Ems-Tag V
Der wahre violette Weg - Kindheitskaulquappen - Die Stadt der Schiffemacher - Brückolapps oder: Die Durchschnittsgeschwindigkeit deutscher Bauprojekte - Die zweite grüne Stadt - Watt is dat denn? - Warum ein Land seinen Statuen vergammelte Pflanzenwürfel und Heißgetränke in die Hände drückt und ich das überaus sympathisch finde - Die große kleine Stadt
Am vorletzten Tag durfte ich richtig viel am Wasser fahren. Hinter Lathen folgt erst einmal eine Kanalee, dann ging es am Ufer weiter. Bei Steinbild habe ich den Fluss überquert und das steinerne Bild der angestrahlten Kirche bestaunt.
Die Beschilderung konnte ich selbst im finstersten, violettesten Herbst nicht übersehen.
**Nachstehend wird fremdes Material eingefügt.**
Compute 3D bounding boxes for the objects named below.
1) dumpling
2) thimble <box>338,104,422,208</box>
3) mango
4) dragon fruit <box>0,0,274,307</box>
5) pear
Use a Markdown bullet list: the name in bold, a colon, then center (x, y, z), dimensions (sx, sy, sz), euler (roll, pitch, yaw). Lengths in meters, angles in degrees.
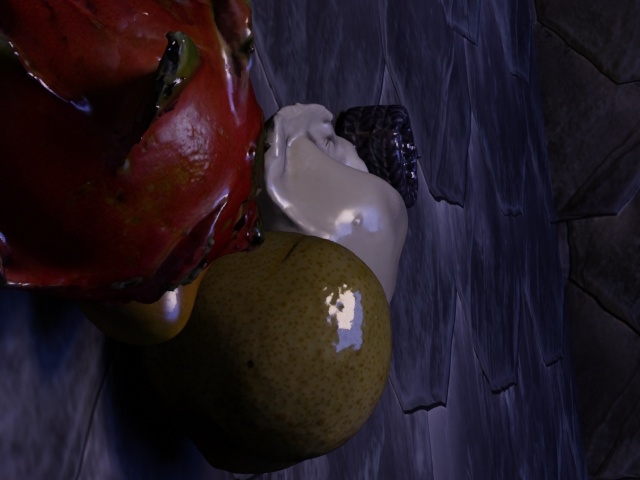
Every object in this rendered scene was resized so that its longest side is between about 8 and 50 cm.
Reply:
- **dumpling**: center (0.000, 0.000, 1.113), dimensions (0.162, 0.132, 0.250), euler (-72, 150, -47)
- **thimble**: center (0.059, -0.082, 1.459), dimensions (0.095, 0.066, 0.104), euler (-79, 158, -44)
- **mango**: center (-0.099, -0.015, 0.853), dimensions (0.085, 0.102, 0.184), euler (94, 4, -53)
- **dragon fruit**: center (-0.104, -0.089, 0.699), dimensions (0.200, 0.198, 0.269), euler (-18, 121, -40)
- **pear**: center (-0.035, 0.068, 0.919), dimensions (0.136, 0.167, 0.167), euler (-57, 145, -23)
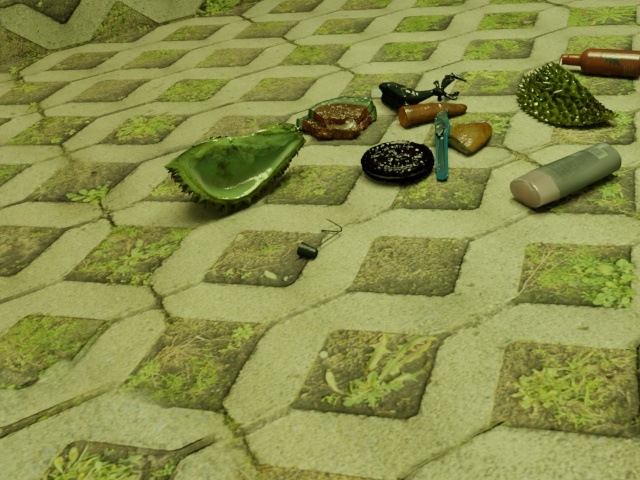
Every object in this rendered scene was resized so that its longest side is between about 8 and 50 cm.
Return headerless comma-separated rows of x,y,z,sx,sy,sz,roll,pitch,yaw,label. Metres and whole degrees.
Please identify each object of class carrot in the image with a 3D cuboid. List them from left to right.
0.335,-0.375,2.082,0.210,0.061,0.061,-11,33,-13,carrot

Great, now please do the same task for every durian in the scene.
-0.208,-0.202,1.789,0.395,0.198,0.163,-21,34,-24,durian
0.682,-0.412,2.051,0.170,0.157,0.355,21,25,-24,durian

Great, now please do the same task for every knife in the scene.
0.322,-0.257,1.878,0.044,0.026,0.296,-11,42,18,knife

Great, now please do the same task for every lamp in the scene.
0.000,0.001,1.591,0.054,0.041,0.121,18,43,21,lamp

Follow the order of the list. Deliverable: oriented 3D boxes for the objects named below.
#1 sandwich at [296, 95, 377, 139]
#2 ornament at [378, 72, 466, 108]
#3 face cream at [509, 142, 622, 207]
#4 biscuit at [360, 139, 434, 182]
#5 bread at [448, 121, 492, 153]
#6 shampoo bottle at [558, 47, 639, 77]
0.044,-0.361,2.087,0.235,0.079,0.159,-1,34,9,sandwich
0.319,-0.459,2.183,0.236,0.080,0.202,-16,24,-13,ornament
0.578,-0.155,1.675,0.269,0.073,0.107,-22,31,-22,face cream
0.199,-0.206,1.844,0.195,0.053,0.194,-6,33,4,biscuit
0.391,-0.275,1.917,0.155,0.054,0.136,-5,36,8,bread
0.873,-0.556,2.224,0.244,0.085,0.085,9,37,27,shampoo bottle
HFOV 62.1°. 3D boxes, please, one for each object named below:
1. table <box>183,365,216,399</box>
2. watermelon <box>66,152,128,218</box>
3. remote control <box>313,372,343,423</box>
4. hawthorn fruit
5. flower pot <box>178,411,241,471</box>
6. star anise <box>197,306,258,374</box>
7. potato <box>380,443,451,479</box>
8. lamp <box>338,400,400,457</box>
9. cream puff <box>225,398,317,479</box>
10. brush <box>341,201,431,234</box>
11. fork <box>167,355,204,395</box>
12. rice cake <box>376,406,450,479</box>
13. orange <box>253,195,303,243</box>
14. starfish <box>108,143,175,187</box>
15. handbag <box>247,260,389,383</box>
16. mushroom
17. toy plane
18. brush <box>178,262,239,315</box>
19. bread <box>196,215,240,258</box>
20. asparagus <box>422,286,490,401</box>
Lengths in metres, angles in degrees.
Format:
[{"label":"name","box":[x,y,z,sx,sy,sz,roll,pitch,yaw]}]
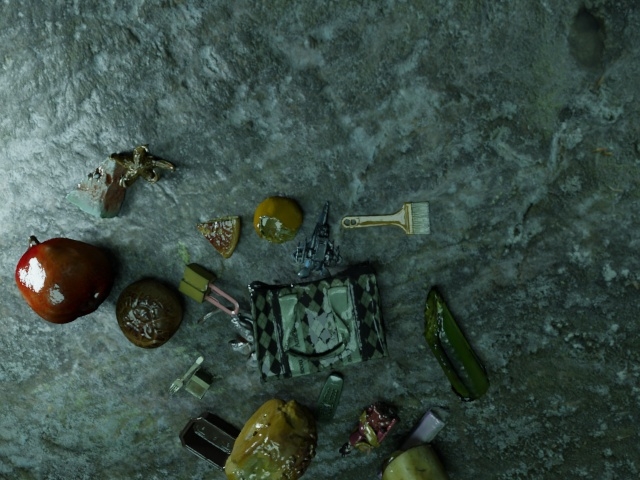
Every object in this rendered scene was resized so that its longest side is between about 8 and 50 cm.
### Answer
[{"label":"table","box":[-0.441,0.521,1.951,0.079,0.062,0.083,35,114,-3]},{"label":"watermelon","box":[-0.700,-0.183,1.729,0.154,0.094,0.241,35,111,-10]},{"label":"remote control","box":[0.031,0.561,1.880,0.072,0.042,0.222,18,115,5]},{"label":"hawthorn fruit","box":[-0.861,0.136,1.783,0.311,0.295,0.295,15,113,7]},{"label":"flower pot","box":[-0.398,0.752,2.023,0.250,0.084,0.179,34,113,-4]},{"label":"star anise","box":[-0.211,0.347,1.794,0.359,0.139,0.316,-21,96,15]},{"label":"potato","box":[0.346,0.835,1.779,0.242,0.243,0.285,-10,132,15]},{"label":"lamp","box":[0.171,0.675,1.855,0.118,0.118,0.253,31,107,-1]},{"label":"cream puff","box":[-0.152,0.716,1.827,0.231,0.327,0.343,43,72,-10]},{"label":"brush","box":[0.196,-0.061,1.619,0.272,0.013,0.103,-3,110,14]},{"label":"fork","box":[-0.499,0.497,1.980,0.034,0.028,0.219,42,109,2]},{"label":"rice cake","box":[0.319,0.728,1.873,0.070,0.064,0.399,34,114,9]},{"label":"orange","box":[-0.133,-0.060,1.626,0.156,0.134,0.157,6,106,22]},{"label":"starfish","box":[-0.553,-0.238,1.662,0.189,0.074,0.146,-8,126,-9]},{"label":"handbag","box":[-0.012,0.243,1.635,0.415,0.180,0.317,-12,110,-6]},{"label":"mushroom","box":[-0.596,0.255,1.839,0.253,0.153,0.253,4,104,17]},{"label":"toy plane","box":[0.002,0.002,1.649,0.169,0.078,0.247,6,111,-20]},{"label":"brush","box":[-0.363,0.176,1.781,0.233,0.047,0.103,30,116,15]},{"label":"bread","box":[-0.307,-0.035,1.712,0.136,0.054,0.154,-39,105,24]},{"label":"asparagus","box":[0.406,0.330,1.679,0.128,0.108,0.382,-27,102,21]}]
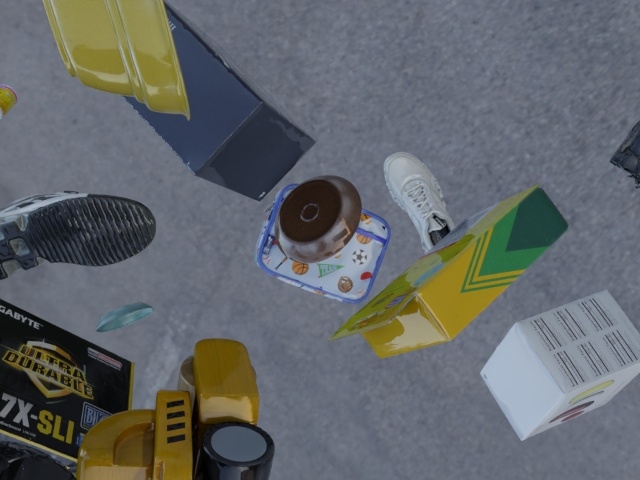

Eine inkonsequente Straße brachte mich nach Papenburg und irritierte mich unterwegs ein bisschen. Hier wurde einerseits ein klar abgegrenzter Radstreifen in den Gehweg gemauert und andererseits ein Fahrradsymbol auf die Fahrbahn gepinselt.
Willkommen bei den Machern lese ich am Ortseingang.
Ich habe mal in Papenburg gelebt. Da ich zu diesem Zeitpunkt allerdings zwei Jahre alt war, beschränken sich meine Erinnerungen auf
a) das orangefarbene Licht der Müllabfuhr, das sich in einer Glastür spiegelt und
b) die Kaulquappen im Tunxdorfer Waldsee. Es ist fast unmöglich, Wasser aus diesem See zu entnehmen, ohne das einem anschließend kleine schwarze Frösche in spe durch die hohlen Hände flitzen und sich wundern, warum der Waldsee auf einmal so rosa geworden ist. Irgendwie hat es mich gefreut, dass dieser See meiner Kindheit auch im Radführer als Sehenswürdigkeit markiert ist (obwohl die Kaulquappen nicht erwähnt werden).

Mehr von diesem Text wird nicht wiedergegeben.